Facebook fool


We've probably all put things up on Facebook that we regretted sharing with the world. It's unlikely they resulted in a jail sentence though.

But then, if you use a social networking page to publicly try and recruit an accomplice in a plot to pervert the course of justice, you might expect a pretty stern response. And that's exactly what Scott Woodburn from Rotherham got, after posting on Facebook to see if anyone would be willing to take the fall for a three-point fixed penalty that would have seen him banned if he'd admitted to it.

Well, he got his ban anyway. And five months in prison for his trouble. Meanwhile, the chap who volunteered to take the points - despite not having a driving licence - for a reported £250 earned himself an 11-week suspended sentence too.
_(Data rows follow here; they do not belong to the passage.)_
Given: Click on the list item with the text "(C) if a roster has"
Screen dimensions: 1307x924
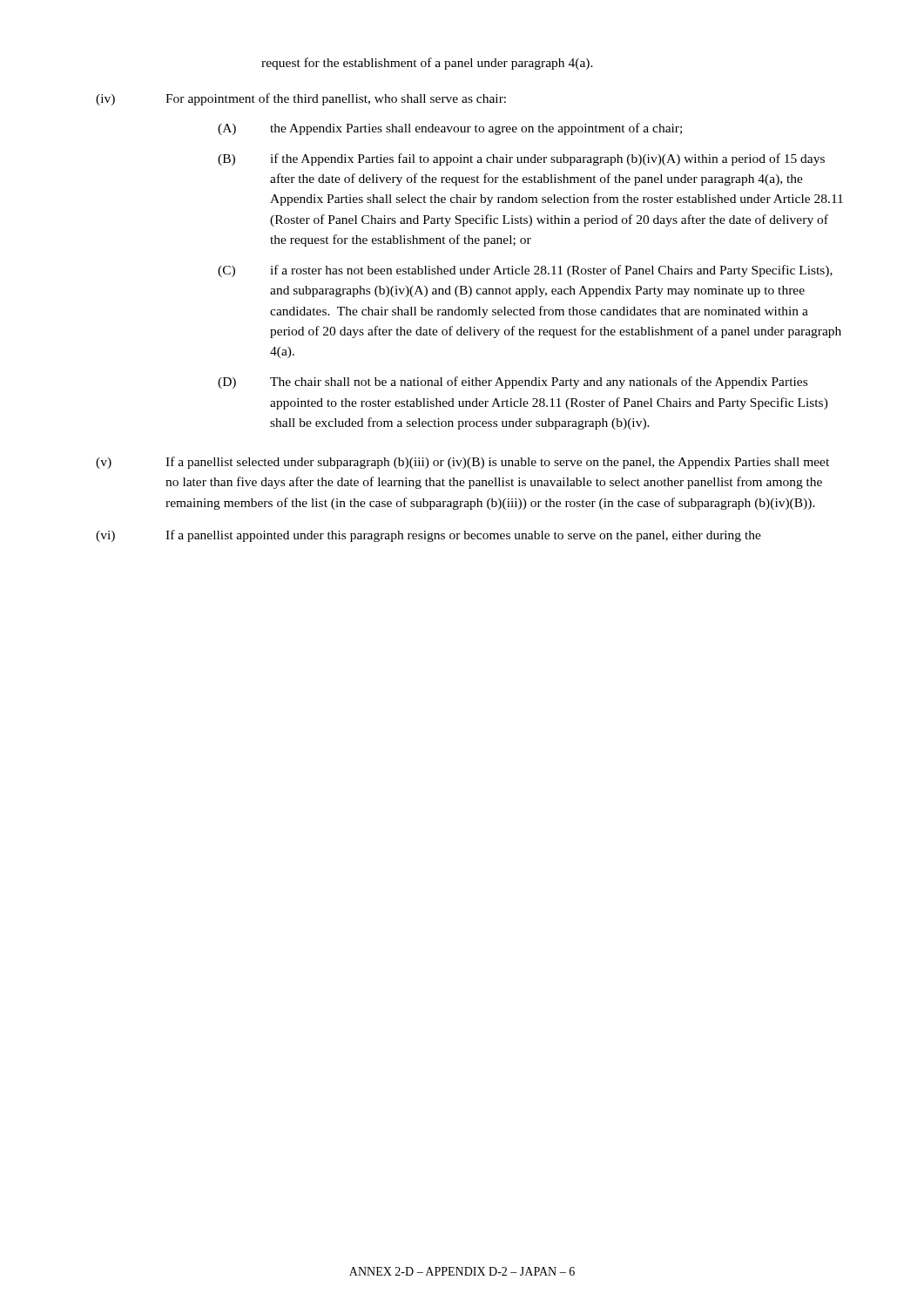Looking at the screenshot, I should click(532, 310).
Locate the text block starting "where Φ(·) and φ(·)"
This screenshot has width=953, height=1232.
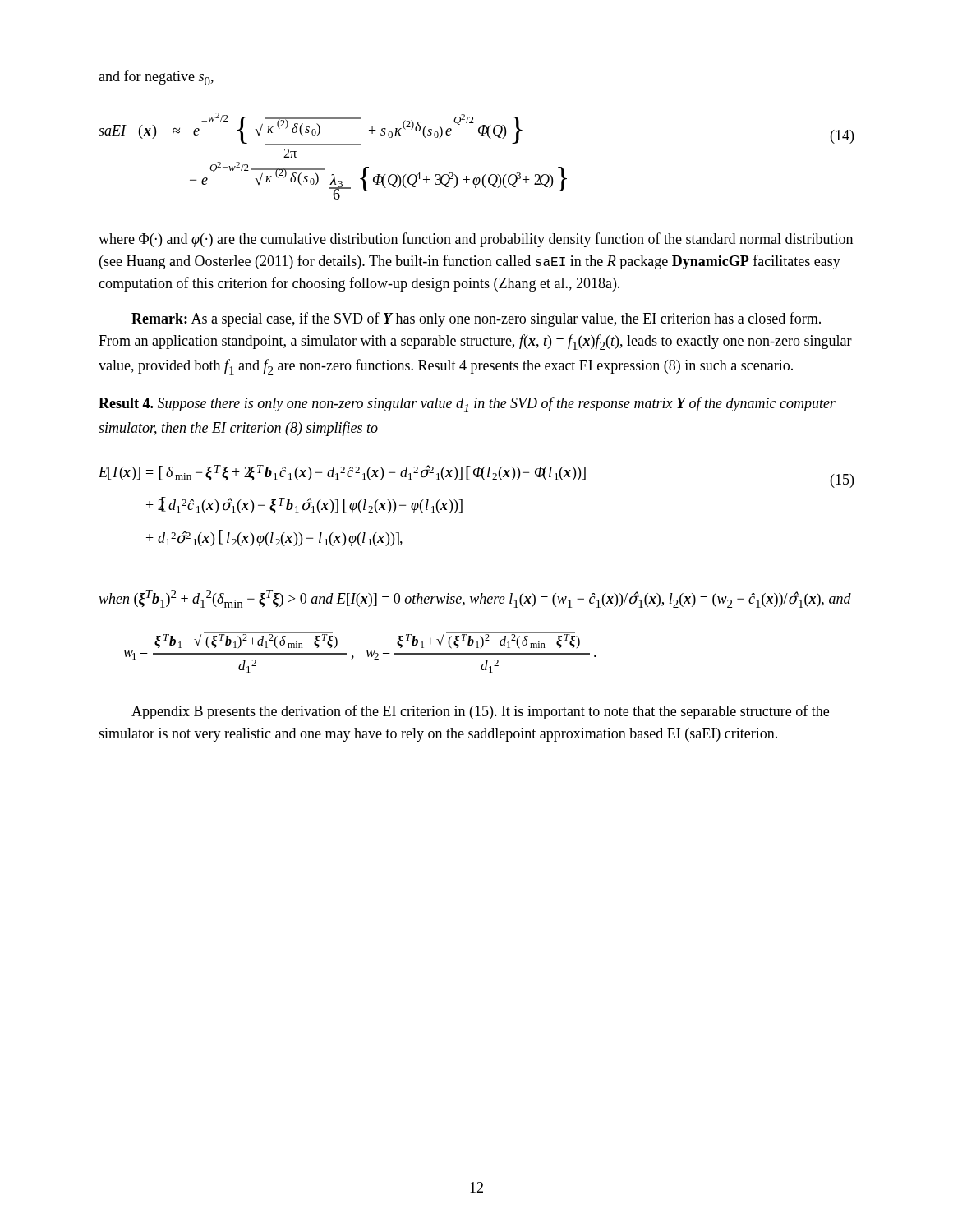pyautogui.click(x=476, y=261)
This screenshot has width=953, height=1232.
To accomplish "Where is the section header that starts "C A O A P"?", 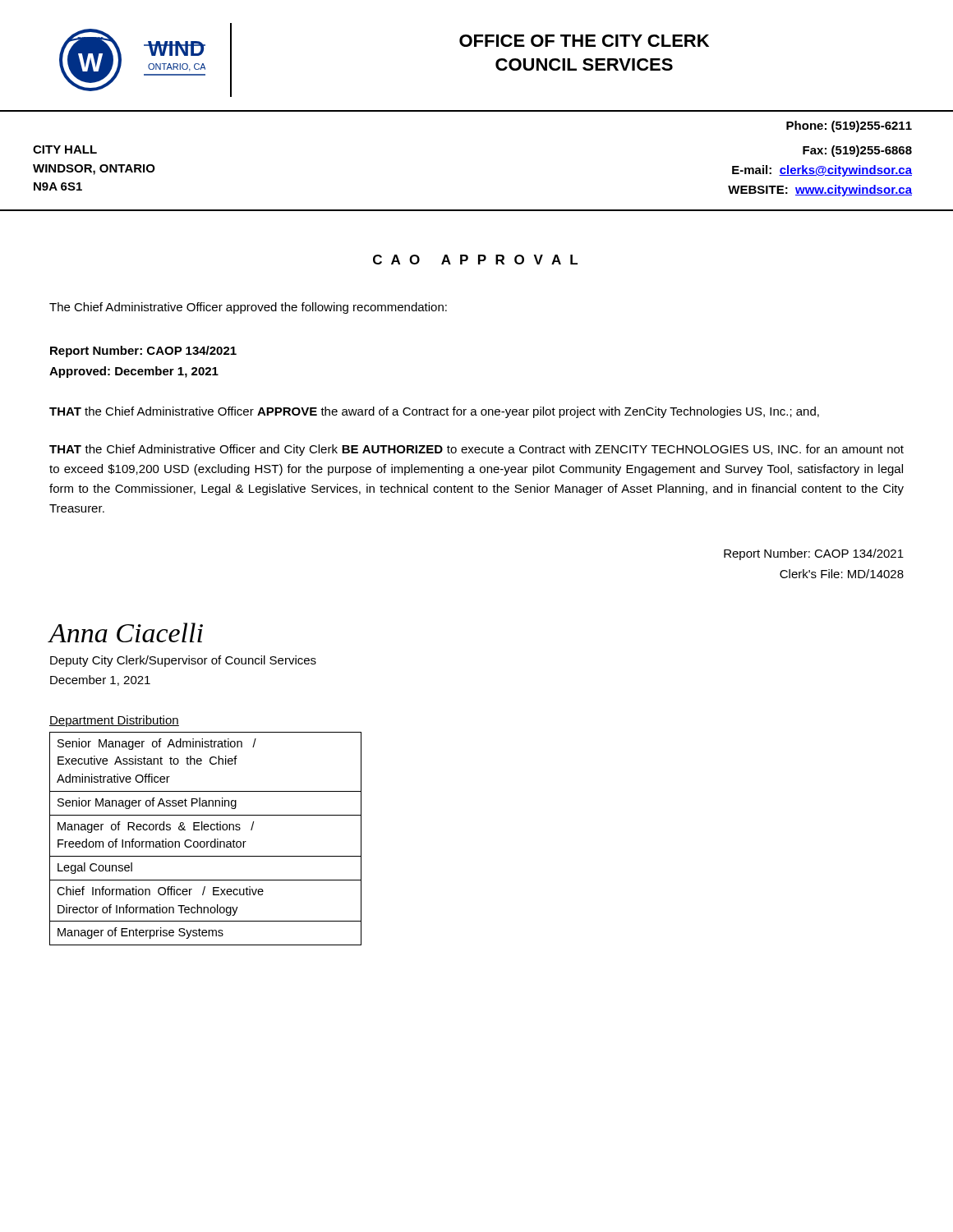I will [476, 260].
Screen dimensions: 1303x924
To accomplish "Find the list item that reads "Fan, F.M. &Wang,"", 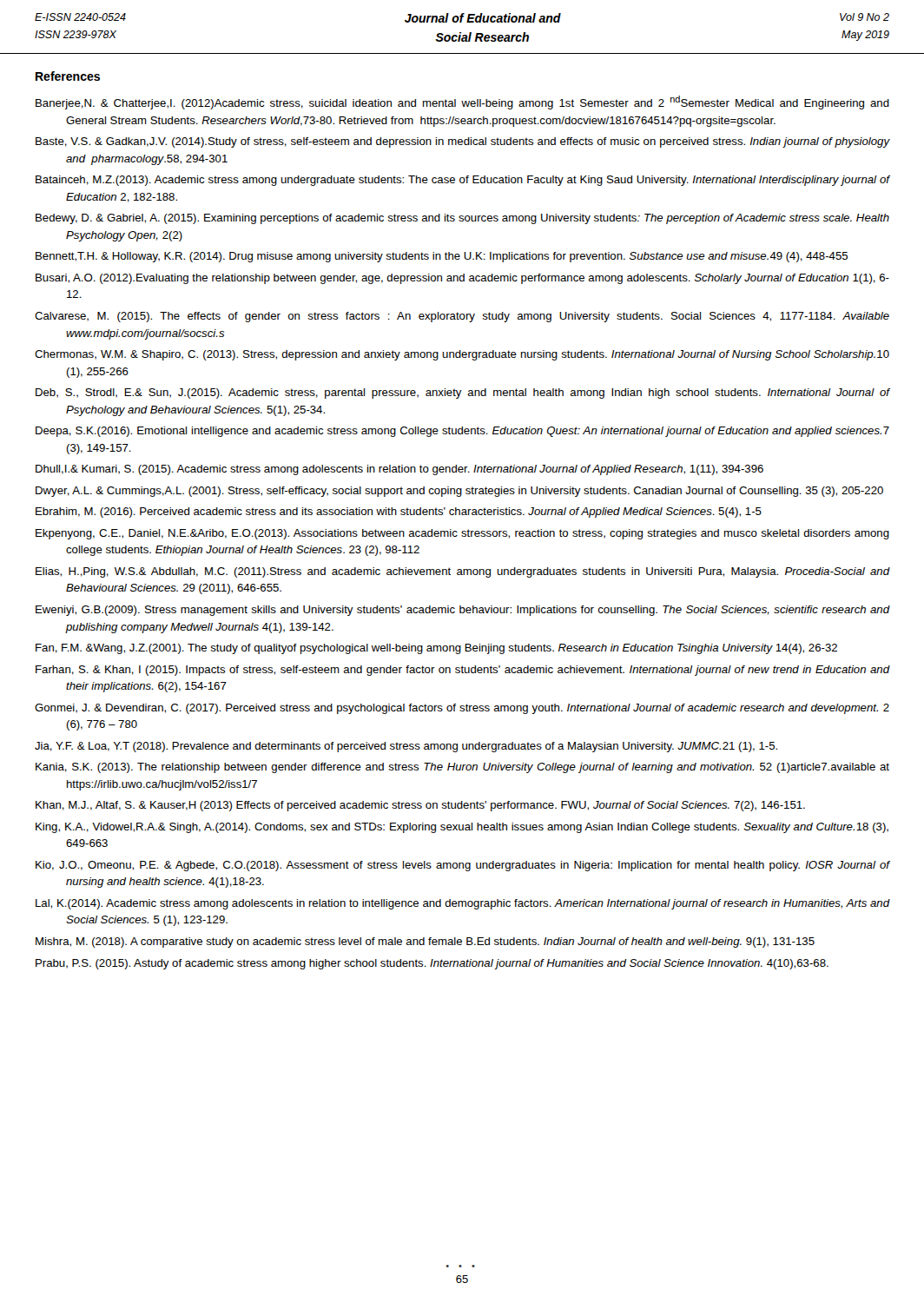I will (436, 648).
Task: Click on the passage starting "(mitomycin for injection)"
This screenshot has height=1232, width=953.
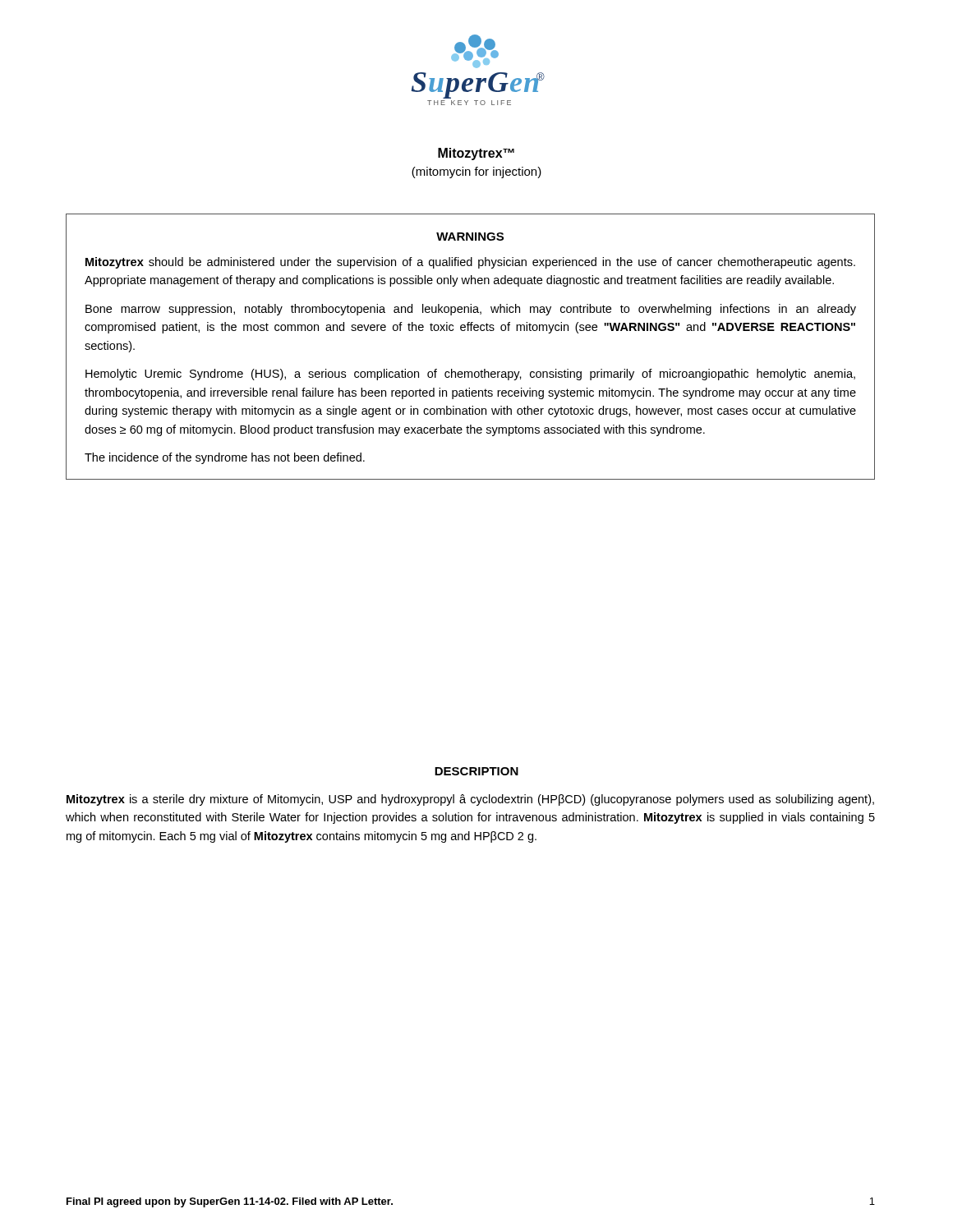Action: click(x=476, y=171)
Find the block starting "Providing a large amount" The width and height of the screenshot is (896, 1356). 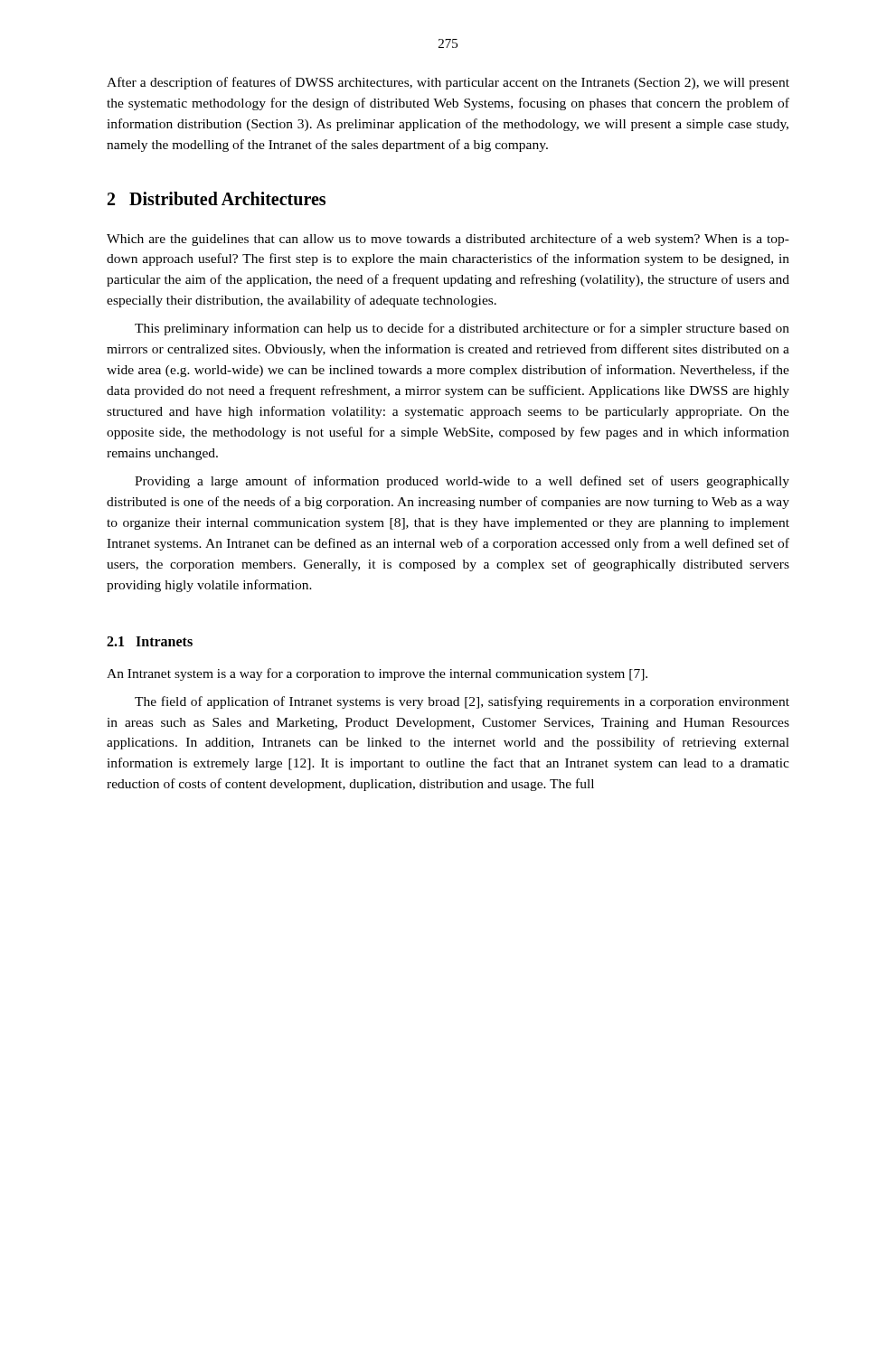pos(448,533)
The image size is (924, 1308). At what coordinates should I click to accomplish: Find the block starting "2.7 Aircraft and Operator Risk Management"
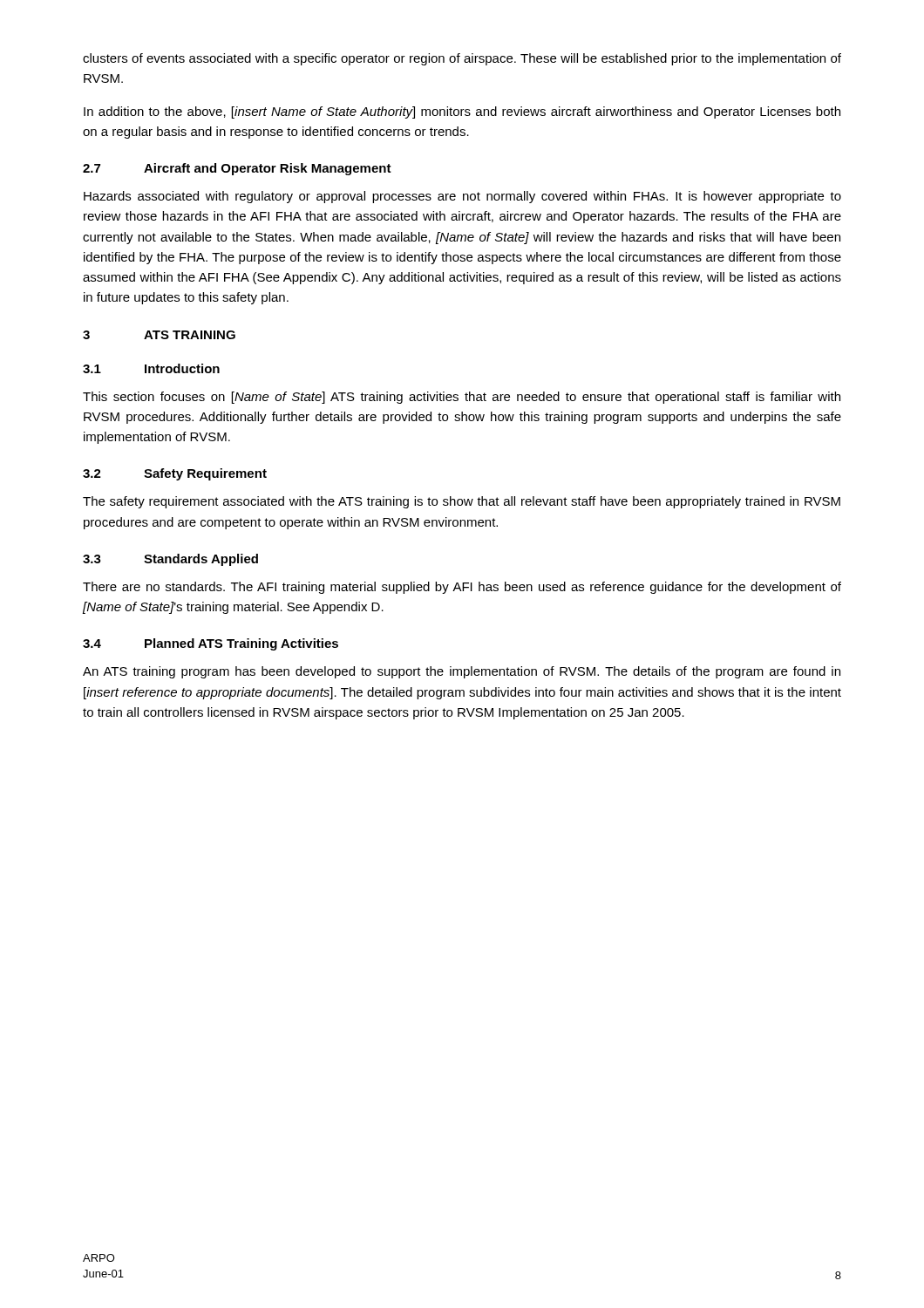(237, 168)
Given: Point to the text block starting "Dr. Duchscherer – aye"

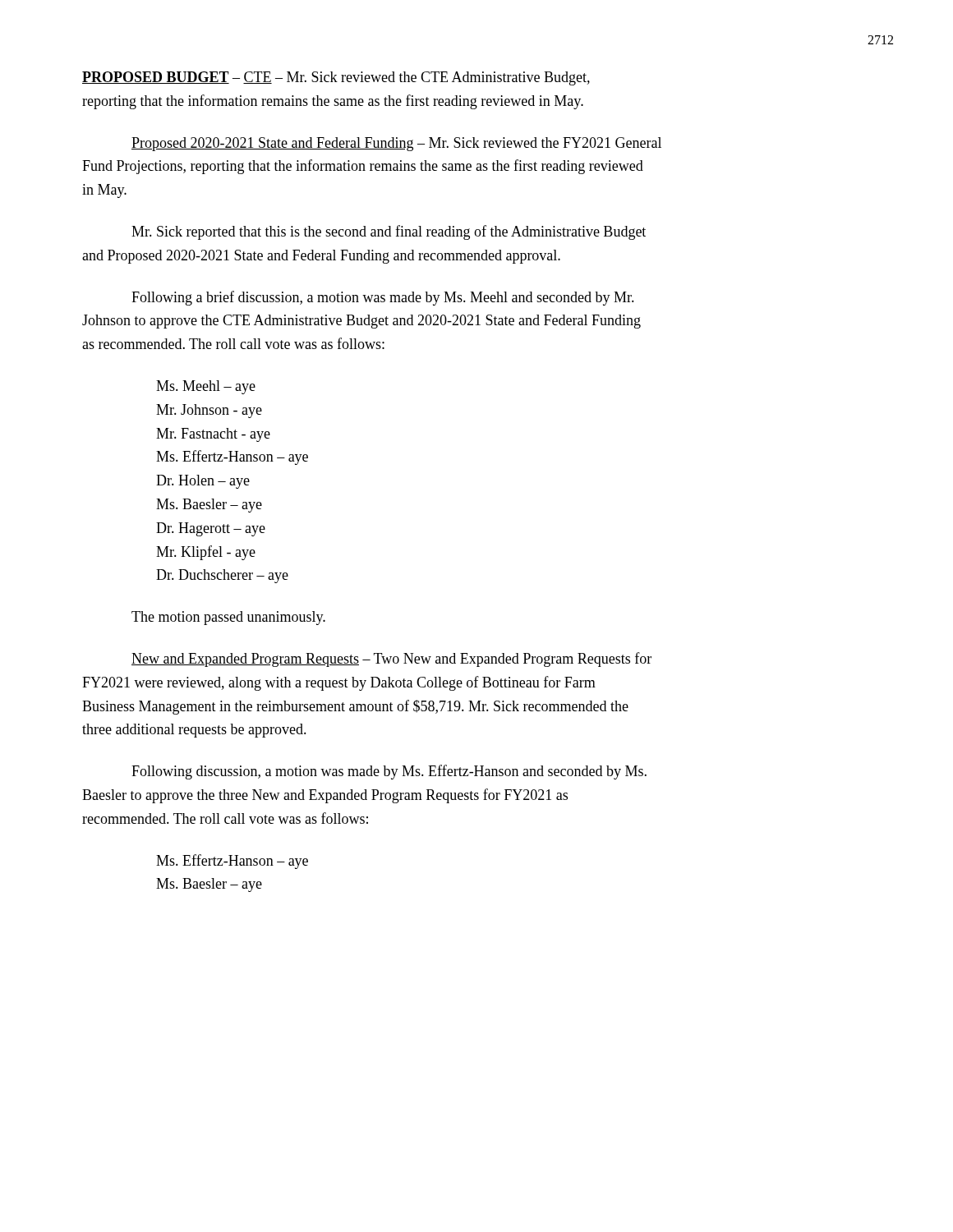Looking at the screenshot, I should tap(222, 575).

In a statement on its website South Yorkshire Safety Camera Partnership has wasted little opportunity for a bit of finger wagging in an effort to make an example of Woodburn. "Hopefully this case will send a warning to anyone who would consider anything so irresponsible," an unnamed spokesperson is quoted as saying. "Woodburn showed no regard for anyone else. He was prepared to drive at excessive speed, once caught rather than changing the manner of his driving he selfishly paid to have someone else to take the blame so that he could continue behaving as before."

Anyone got that Jean-Luc Picard double facepalm image to hand?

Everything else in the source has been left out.